Cancer Research UK London Research Institute, Clare Hall Laboratories, South Mimms EN6 3LD, UK.
Nature. 2013 Mar 21;495(7441):339-43. doi: 10.1038/nature11920. Epub 2013 Mar 10.
The regulated loading of the Mcm2-7 DNA helicase (comprising six related subunits, Mcm2 to Mcm7) into pre-replicative complexes at multiple replication origins ensures precise once per cell cycle replication in eukaryotic cells. The origin recognition complex (ORC), Cdc6 and Cdt1 load Mcm2-7 into a double hexamer bound around duplex DNA in an ATP-dependent reaction, but the molecular mechanism of this origin 'licensing' is still poorly understood. Here we show that both Mcm2-7 hexamers in Saccharomyces cerevisiae are recruited to origins by an essential, conserved carboxy-terminal domain of Mcm3 that interacts with and stimulates the ATPase activity of ORC-Cdc6. ATP hydrolysis can promote Mcm2-7 loading, but can also promote Mcm2-7 release if components are missing or if ORC has been inactivated by cyclin-dependent kinase phosphorylation. Our work provides new insights into how origins are licensed and reveals a novel ATPase-dependent mechanism contributing to precise once per cell cycle replication.

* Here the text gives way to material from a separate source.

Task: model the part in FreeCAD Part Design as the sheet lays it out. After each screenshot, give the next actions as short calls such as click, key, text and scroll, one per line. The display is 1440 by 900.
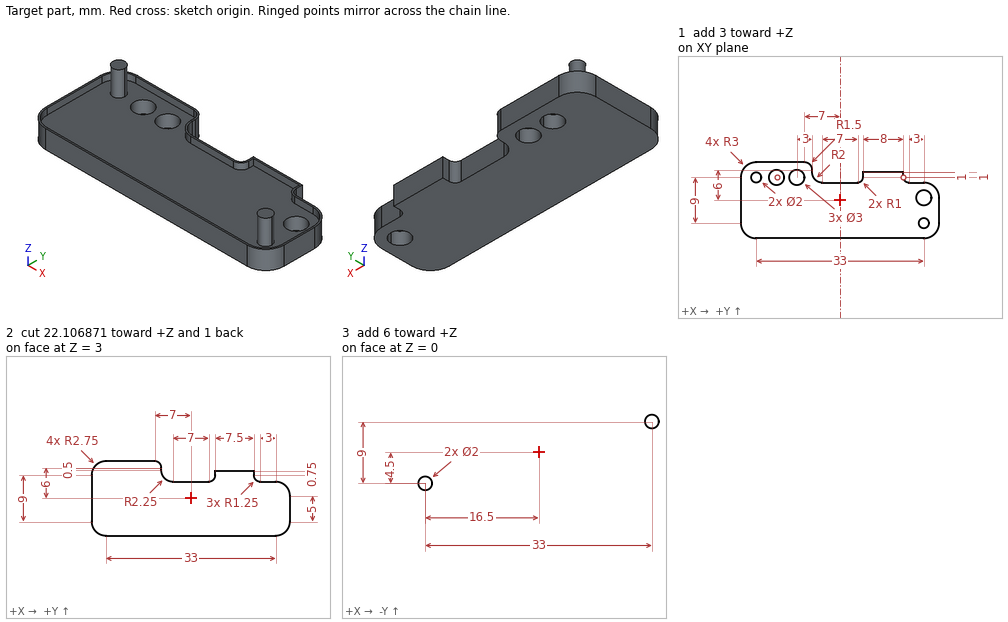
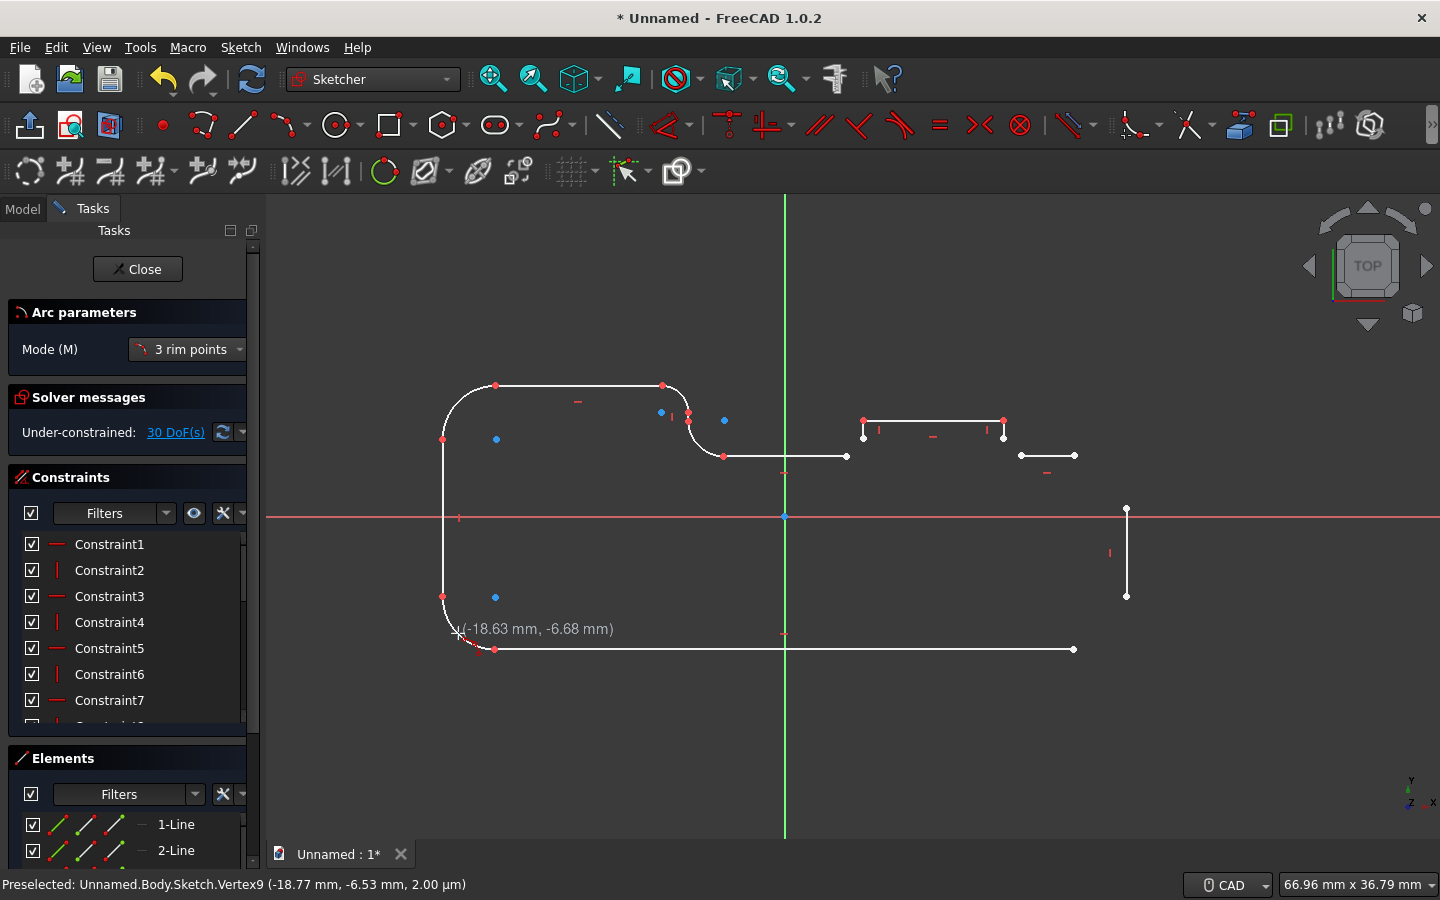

Mcm2-7 DNA 解旋酶(由六个相关亚基,Mcm2 到 Mcm7 组成)在多个复制起点被调控装入复制前复合物,以确保真核细胞中精确的每个细胞周期复制一次。起始识别复合物(ORC)、Cdc6 和 Cdt1 将 Mcm2-7 加载到一个双六聚体中,该六聚体结合在双链 DNA 周围,这是一个依赖 ATP 的反应,但这种起始“许可”的分子机制仍知之甚少。在这里,我们表明酵母中的 Mcm2-7 六聚体都被 Mcm3 的必需保守羧基末端结构域招募到起始点,该结构域与 ORC-Cdc6 相互作用并刺激其 ATP 酶活性。ATP 水解可以促进 Mcm2-7 的加载,但如果缺少组件或 ORC 已被细胞周期蛋白依赖性激酶磷酸化失活,ATP 水解也可以促进 Mcm2-7 的释放。我们的工作提供了对起始点如何被许可的新见解,并揭示了一种新的 ATP 酶依赖性机制,有助于精确的每个细胞周期复制。